Kittens (cats less than a year old) are in the high-growth stage of their life and need more calories and essential nutrients than adult cats. They also have a sensitive digestive system and a developing immune system. For these reasons, if you have a kitten, it’s important that you choose a food specifically formulated for this period of her life.
Adult cats (cats over a year old), that are not pregnant or lactating are said to be in a ‘nutritional maintenance’ stage. If your cat is in this stage, her diet should consist of high-quality food that has the nutritional balance to maintain her physical and mental activity. Besides, cats’ lifestyle has evolved, close to that of men: more urbanized, more sedentary.
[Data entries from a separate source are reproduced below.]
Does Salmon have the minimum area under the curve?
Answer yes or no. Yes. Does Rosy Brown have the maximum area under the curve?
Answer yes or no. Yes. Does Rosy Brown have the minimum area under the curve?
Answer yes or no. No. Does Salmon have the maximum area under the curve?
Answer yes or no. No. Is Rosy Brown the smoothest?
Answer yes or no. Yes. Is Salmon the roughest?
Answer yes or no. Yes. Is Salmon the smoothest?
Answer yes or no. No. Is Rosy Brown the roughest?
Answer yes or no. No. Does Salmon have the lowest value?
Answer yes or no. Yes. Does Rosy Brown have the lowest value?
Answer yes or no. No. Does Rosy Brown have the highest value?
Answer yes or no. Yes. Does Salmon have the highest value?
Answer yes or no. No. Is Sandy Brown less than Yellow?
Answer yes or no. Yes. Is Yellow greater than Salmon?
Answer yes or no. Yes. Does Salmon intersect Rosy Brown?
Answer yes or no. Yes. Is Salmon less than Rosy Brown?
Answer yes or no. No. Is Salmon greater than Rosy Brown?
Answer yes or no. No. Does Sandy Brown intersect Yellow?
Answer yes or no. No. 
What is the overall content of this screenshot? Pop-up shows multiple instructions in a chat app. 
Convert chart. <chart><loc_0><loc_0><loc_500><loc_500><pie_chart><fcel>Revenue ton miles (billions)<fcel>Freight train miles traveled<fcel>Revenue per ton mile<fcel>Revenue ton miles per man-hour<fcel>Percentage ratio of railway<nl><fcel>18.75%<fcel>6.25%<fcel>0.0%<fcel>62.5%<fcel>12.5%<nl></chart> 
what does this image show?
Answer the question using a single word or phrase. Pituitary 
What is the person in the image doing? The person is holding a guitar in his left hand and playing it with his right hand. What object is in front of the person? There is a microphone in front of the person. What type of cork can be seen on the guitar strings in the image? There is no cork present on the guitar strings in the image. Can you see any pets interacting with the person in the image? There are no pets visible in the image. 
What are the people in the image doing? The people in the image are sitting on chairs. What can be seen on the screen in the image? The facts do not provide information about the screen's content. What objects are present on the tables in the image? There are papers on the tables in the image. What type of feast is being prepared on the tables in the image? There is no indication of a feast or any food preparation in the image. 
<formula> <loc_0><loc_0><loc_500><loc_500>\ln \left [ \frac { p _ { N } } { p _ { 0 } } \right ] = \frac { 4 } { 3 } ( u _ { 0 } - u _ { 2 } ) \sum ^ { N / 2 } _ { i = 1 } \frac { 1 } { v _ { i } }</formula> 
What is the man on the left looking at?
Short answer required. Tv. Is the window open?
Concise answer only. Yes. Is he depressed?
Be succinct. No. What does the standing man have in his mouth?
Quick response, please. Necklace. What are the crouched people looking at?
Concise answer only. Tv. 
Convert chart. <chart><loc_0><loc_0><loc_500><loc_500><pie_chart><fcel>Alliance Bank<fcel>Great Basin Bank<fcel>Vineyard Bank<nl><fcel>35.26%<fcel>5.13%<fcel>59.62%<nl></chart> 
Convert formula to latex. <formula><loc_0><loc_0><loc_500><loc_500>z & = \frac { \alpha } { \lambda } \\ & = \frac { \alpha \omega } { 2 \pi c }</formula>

Today, almost half of all adult cats live indoors. Therefore, if cats’ initial needs have not changed, their diet must adjust to their new lifestyle.
Neutered cats can tend to be less active and more interested in food, which can make it harder to maintain an ideal body weight, especially in the 18-week period following neutering. During this period a cat’s weight will change – sometimes without you noticing. It’s important to be extra vigilant from the moment your cat comes home from the neutering procedure – weigh and physically inspect her frequently to make sure her normal weight is being maintained. If you want to be doubly sure, the WALTHAM Centre for Pet Nutrition has developed an easy size and weight evaluation you can do at home. And remember, food specifically designed for neutered cats will help with weight maintenance.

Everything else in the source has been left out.